As traditional cybersecurity programs that identified potential threats based on their “signature” began to fail, the first “next-gen” antivirus software began using big data analysis to detect malware by taking a broad, holistic view of user behaviors, network traffic and application activity.
2013–2014

Largest Data Breach in History

Kicking off a period of cyberattacks of unprecedented scale, Yahoo suffered a breach that ultimately resulted in the theft of 3 billion users’ personal data, a $35 million fine by the SEC, and 40 consumer class action lawsuits. The best part?

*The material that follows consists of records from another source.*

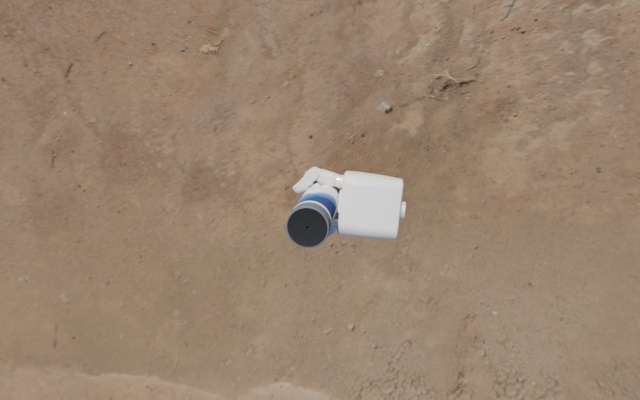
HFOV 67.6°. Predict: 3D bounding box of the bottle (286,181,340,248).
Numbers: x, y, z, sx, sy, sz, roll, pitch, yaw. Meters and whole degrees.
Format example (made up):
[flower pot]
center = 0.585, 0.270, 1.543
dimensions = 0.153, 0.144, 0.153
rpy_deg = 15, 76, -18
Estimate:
[bottle]
center = 0.000, 0.003, 0.861
dimensions = 0.069, 0.069, 0.295
rpy_deg = 0, 15, 8
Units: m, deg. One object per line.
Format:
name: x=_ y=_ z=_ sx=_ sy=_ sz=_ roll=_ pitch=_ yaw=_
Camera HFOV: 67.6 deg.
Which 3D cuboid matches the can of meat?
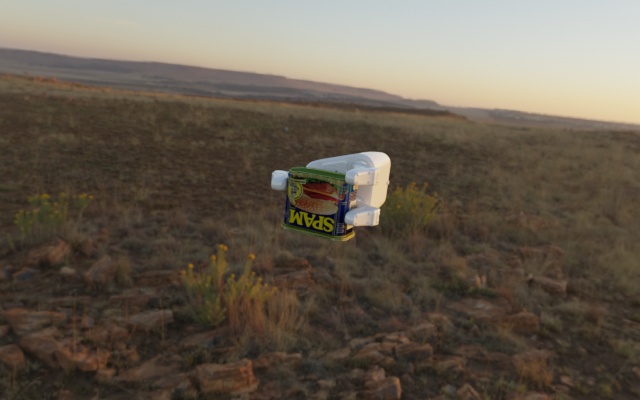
can of meat: x=0.000 y=0.002 z=0.664 sx=0.102 sy=0.084 sz=0.057 roll=12 pitch=14 yaw=25

They wouldn’t report the breach until 2016.
2018

The EU Enforces GDPR

Due to concerns around the volume and security of personal data held by companies, the European Union began enforcing the General Data Protection Regulation (GDPR), a regulation establishing a mandatory data protection baseline. Among other things, it established that companies must have a response plan in case of a data breach.
2020

The Rise of the Connected Device

As of 2020, it’s estimated that there are roughly 6.8 internet connected (IoT) devices per person around the globe. As the amount of personal data becomes more and more available, cybersecurity concerns continue to grow.